Why and how were at the top of Nathan's list, and he tried not to yell when he said the words.
Claire said that it was nothing against all of them, just that she thought she needed her own space, that she and Daniel needed to have their own place. She'd loved her time here, real-
Nathan interrupted her loudly, and asked how in the hell she was going to pay for it all.
Peter watched as she took a brave little breath and said that she had found a job.
Nathan was at his nastiest, saying tersely that whatever a 21-year-old in her position could make money at wouldn't pay enough to keep her in an apartment. He added the word legally in an ominous fashion.
The words tripped out of her mouth quickly, before anyone could interrupt. She had found a job doing transcription work from home, so she could stay home with Daniel. That she was still going to school online and she was going to work and it was all going to be fine.
Nathan snorted and got up from the table abruptly, throwing his napkin onto the table as he shot a dirty look at his daughter. He marched purposefully into his office.
The rest of the family was deathly silent as they sat at the dinner table. Peter wouldn't look at Claire's face. He just gripped and re-gripped the tablecloth that spilled onto his lap.
Heidi winced when she heard her husband ask tersely if Bennet was there. She turned to Claire when the shouting began.
Claire tried to speak to her, but Heidi just shook her head and raised a hand softly, told Claire that she was not ready for this.
Claire smiled sadly at her dinner plate, and slipped away from the table.
Peter followed.
She told him to go away as she stamped up the stairs.
He stood at the bottom of the stairs for a few minutes, just getting madder and madder. And then he went up the stairs. She didn't want to talk, fine. Well he did.
He pounded at Claire's door and called her name, that if she didn't answer right then he was going to go in.

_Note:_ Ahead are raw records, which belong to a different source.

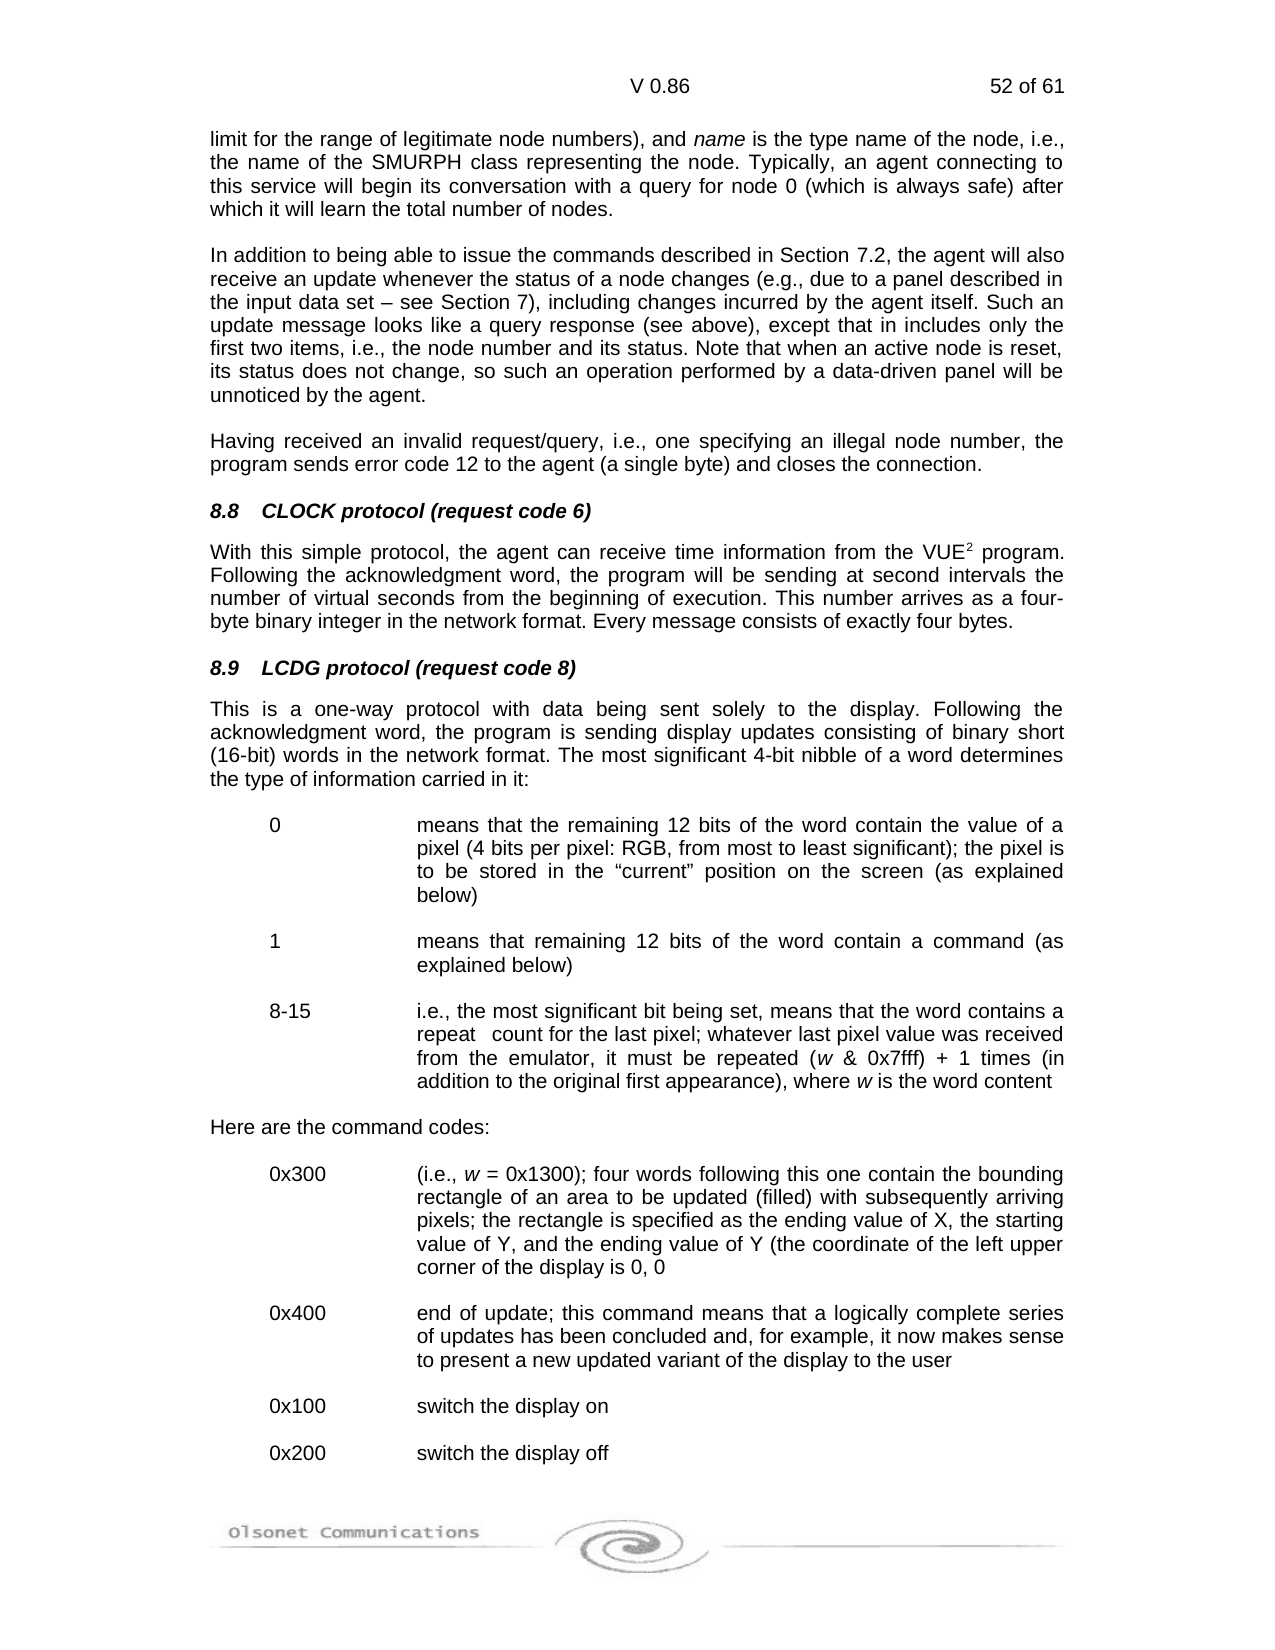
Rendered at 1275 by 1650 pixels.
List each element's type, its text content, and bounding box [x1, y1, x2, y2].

text Having received an invalid request/query, i.e., one specifying an illegal node number, the program sends error code 12 to the agent (a single byte) and closes the connection. [210, 430, 1065, 476]
text 1 means that remaining 12 bits of the word contain a command (as explained below) [269, 930, 1065, 977]
text This is a one-way protocol with data being sent solely to the display. Following the acknowledgment word, the program is sending display updates consisting of binary short (16-bit) words in the network format. The most significant 4-bit nibble of a word determines the type of information carried in it: [210, 697, 1065, 790]
text limit for the range of legitimate node numbers), and name is the type name of the node, i.e., the name of the SMURPH class representing the node. Typically, an agent connecting to this service will begin its conversation with a query for node 0 (which is always safe) after which it will learn the total number of nodes. [210, 128, 1065, 221]
text 0x400 end of update; this command means that a logically complete series of updates has been concluded and, for example, it now makes sense to present a new updated variant of the display to the user [269, 1302, 1065, 1371]
text In addition to being able to issue the commands described in Section 7.2, the agent will also receive an update whenever the status of a node changes (e.g., due to a panel described in the input data set – see Section 7), including changes incurred by the agent itself. Such an update message looks like a query response (see above), except that in includes only the first two items, i.e., the node number and its status. Note that when an active node is reset, its status does not change, so such an operation performed by a data-driven panel will be unnoticed by the agent. [210, 244, 1065, 406]
subtitle CLOCK protocol (request code 6) [210, 499, 1065, 523]
text 0x300 (i.e., w = 0x1300); four words following this one contain the bounding rectangle of an area to be updated (filled) with subsequently arriving pixels; the rectangle is specified as the ending value of X, the starting value of Y, and the ending value of Y (the coordinate of the left upper corner of the display is 0, 0 [269, 1162, 1065, 1278]
text Here are the command codes: [210, 1116, 1065, 1139]
subtitle LCDG protocol (request code 8) [210, 656, 1065, 680]
text 0x100 switch the display on [269, 1395, 1065, 1418]
picture [210, 1504, 1065, 1596]
text 0x200 switch the display off [269, 1441, 1065, 1464]
text With this simple protocol, the agent can receive time information from the VUE2 program. Following the acknowledgment word, the program will be sending at second intervals the number of virtual seconds from the beginning of execution. This number arrives as a four-byte binary integer in the network format. Every message consists of exactly four bytes. [210, 540, 1065, 633]
text 0 means that the remaining 12 bits of the word contain the value of a pixel (4 bits per pixel: RGB, from most to least significant); the pixel is to be stored in the “current” position on the screen (as explained below) [269, 813, 1065, 906]
text 8-15 i.e., the most significant bit being set, means that the word contains a repeat count for the last pixel; whatever last pixel value was received from the emulator, it must be repeated (w & 0x7fff) + 1 times (in addition to the original first appearance), where w is the word content [269, 1000, 1065, 1093]

But she did answer. She said just a minute and he heard her undoing the lock on the door. She opened the door but did not invite him in, just turned and went back to fiddling with some clothes in a drawer.
Peter shook his head in frustration and tried not to yell as he spoke to her. Why was she shutting him out like this? What was wrong, what had he done? They had been close, really close, he thought. She used to trust him. What had he done wrong?

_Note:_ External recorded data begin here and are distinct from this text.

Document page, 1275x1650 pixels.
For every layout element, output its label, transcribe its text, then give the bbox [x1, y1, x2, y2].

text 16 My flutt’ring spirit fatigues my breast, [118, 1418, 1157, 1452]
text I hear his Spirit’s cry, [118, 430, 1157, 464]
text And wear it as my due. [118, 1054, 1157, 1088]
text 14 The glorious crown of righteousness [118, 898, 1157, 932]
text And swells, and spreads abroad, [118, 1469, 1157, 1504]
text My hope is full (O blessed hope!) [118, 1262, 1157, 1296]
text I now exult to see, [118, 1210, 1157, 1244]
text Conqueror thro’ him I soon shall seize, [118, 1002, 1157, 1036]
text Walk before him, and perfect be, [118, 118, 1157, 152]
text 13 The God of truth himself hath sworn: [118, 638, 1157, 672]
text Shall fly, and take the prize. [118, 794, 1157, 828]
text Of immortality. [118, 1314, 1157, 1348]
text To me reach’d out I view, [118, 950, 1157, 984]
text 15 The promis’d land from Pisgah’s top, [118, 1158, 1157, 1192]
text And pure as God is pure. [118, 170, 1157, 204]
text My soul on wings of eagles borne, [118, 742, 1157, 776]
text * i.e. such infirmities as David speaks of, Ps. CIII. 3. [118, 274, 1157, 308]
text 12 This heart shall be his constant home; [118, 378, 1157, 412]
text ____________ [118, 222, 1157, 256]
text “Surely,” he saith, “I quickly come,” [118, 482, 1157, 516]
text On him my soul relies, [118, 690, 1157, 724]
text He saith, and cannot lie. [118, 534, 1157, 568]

She played dumb at first, said that nothing was wrong, nothing at all. And that she trusted him a lot, of course!
She spoke the last words with a healthy dose of sarcasm mixed with an amount of anger that took him aback for a moment. Peter didn't have any clue why she was mad at him. He hadn't done anything.
Then she tersely invited him to leave her room.
He said that this was bullshit, and she angrily told him not to cuss in front of the baby, gestured at the bassinette.
This silenced him for a minute, but then he tried again.
He hoped his voice was calmer as he spoke this time. She hadn't told him about the baby. She didn't tell him about moving out. Why?
Claire turned away from him, her hands leaning on the dresser that held Daniel's baby clothes. She said that she had just told him about moving out, that she hadn't known about it till just this afternoon.
And then she faced him.
As for the baby…her baby. That was her business.
And she looked at him for a long, long time.
He cleared his throat uncomfortably. He left her then, went back down the stairs to the sounds of his big brother's voice echoing off the walls.